Вот вылетело слово мое нежданное – «потом»! Что оно значит? Потом это когда? А вспомню зачем?
Допустим, вспомню после нашей победы. Настанет дорогая свобода и благодарные люди не забудут, как мы для них боролись с деспотизмом, мучились в каторгах и ссылках. Наверное, станут они нас почитать и им будет любопытно, кто мы такие, откуда взялись и чему молились. И записи мои тогда пригодятся. Обстоятельство это, несомненно, важнейшее, но есть и еще одно, мое личное. Разобраться! Раскопать свою как бы душу, если она, этот сучий потрох, воистину существует. Прежде все времени не было. То одно, то другое. Как начал я с четырнадцати, так и полетел, вроде курьерского паровоза, коему в топку все уголька подкидывают, на всех парах. Ну, допустим, вдруг случалась остановка – тюрьма, так там другое, я там не один, вокруг народ, не до раскапывания…
Начинать полагается сначала. А то именно, когда что полагается, то есть кем-то предписано или общепринято, я всенепременнейше ненавижу. По этому совсем коротко: родился в северных лесах, в маленькой деревне. Было у меня еще три брата, а папаша мой пил горькую, выпивши колотил меня и братьев, и резал деревянные игрушки, выучил меня, и я тоже резал. Матушка моя совершеннейшая растяпа, отец и ее то и дело бил, а она молчала, не спорила с ним. Еще папаша, когда изредка протрезв лялся, ходил в лес охотиться, меня же брал с собой. С семи лет на учился я из ружья стрелять, довольно метко стрелял, и иногда, когда папаша доверял мне свое оружие, а сам был рядом, заводилась в голове моей мыслишка: не пальнуть ли ему в спину или злобную харю. С игрушек и охоты мы и жили. Да-с.

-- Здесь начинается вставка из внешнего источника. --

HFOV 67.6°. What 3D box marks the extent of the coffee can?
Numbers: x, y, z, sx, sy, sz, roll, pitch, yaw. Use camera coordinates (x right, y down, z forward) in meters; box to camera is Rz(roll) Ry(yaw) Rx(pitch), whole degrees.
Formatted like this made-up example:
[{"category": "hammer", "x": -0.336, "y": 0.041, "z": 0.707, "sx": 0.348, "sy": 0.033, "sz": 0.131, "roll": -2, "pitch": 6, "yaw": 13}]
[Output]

Наверное, не интересно это никому. Обыкновенно, как у миллионов. Поэтому сразу бегу вперед. Отдали меня в ученье в нашем уездном городке в ремесленную школу, учили там игрушки резать и мебель комстролить. От игрушек я отказался, потому что давно все по этой части освоил. Стал учиться по мебельной. Пошли успехи. Иногда работали мы на заказ, и построил я комод для городского головы. Надо сказать, что все там, на этом комоде, сделал я своими руками, вплоть до маленьких ручек на дверцах. И замочки с ключиками сам врезал. Тут мое игрушечное мелкое ремесло пригодилось.

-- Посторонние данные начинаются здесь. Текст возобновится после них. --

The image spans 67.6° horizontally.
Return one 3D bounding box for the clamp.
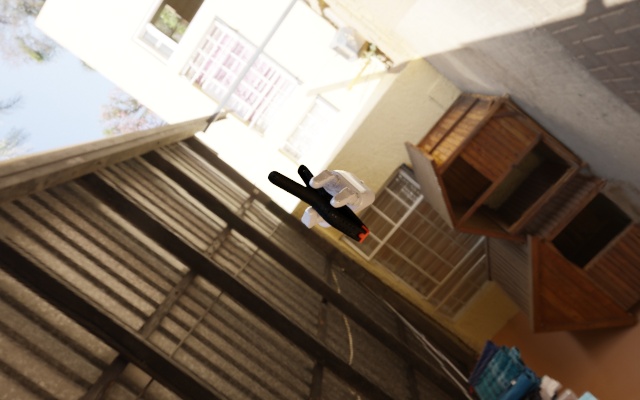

Собрал комод, учителя сошлись, хвалили, а потом снова я его разобрал, чтобы везти заказчику, а там уж склеивать. Отвез. И первый раз оказался в богатом доме. Прежде я такого не видывал. Это потом, когда я много чего навидался, понял, что дом этого головы ничтожного городишки был так себе, средненький. А тогда взыграло ретивое, стал думать, почему это у одних так роскошно, и барышни чистенькие, беленькие порхают, носики морщат от амбре столярного клея, а у меня – пьяный папаша, немытые братишки, да мамаша – клуша… Вот… Да еще сам этот голова меня обидел. Комод я собрал, склеил, все им стали любоваться, барышни восхищаются, мне спасибо говорят, а одна, самая красивая, Александра, даже руку мне пожала. Но платить заказчик вроде бы не собирается. А я знал, что за комод этот можно рублей пятьдесят выручить. Я ему: извольте, ваша милость, расплатиться. А он в ответ: я, говорит, со школой договаривался, школе уже вперед сполна и даже больше договора уплачено, а тебе, любезный, за труды вот. И три рубля мне дает. Тут я как разъярился и возопил, кричать стал про то, что сам все строил, а при чем тут школа! Не по правде это! Сунули мне в карман трешку, и мужик здоровый, лакей там какой-то, меня взашей вытолкал. Выходит, что еще в отрочестве столкнулся я с несправедливостью и классовым неравенством. Потом я все ходил возле дома этого начальника и думу лелеял, как бы его спалить. Или еще раскидывал, школу поджечь, если начальник не врет, и вправду, школа деньги мои отняла. Да как убедиться-то? Снова стал у дома головы бродить. Как-то раз из ворот выехала верхом на коне барышня, та самая Александра, волосы русые, шляпка набекрень, личико румяное, сама в чем-то белом и штанах мужицких. Поводья натянула и мне: здравствуйте, как поживаете, вашим произведением все не налюбуются, даже губернатор заезжал, все вокруг него ходил да похваливал, а вы сами приходите в гости, будем шарады решать. Приходите в воскресенье, после обеда.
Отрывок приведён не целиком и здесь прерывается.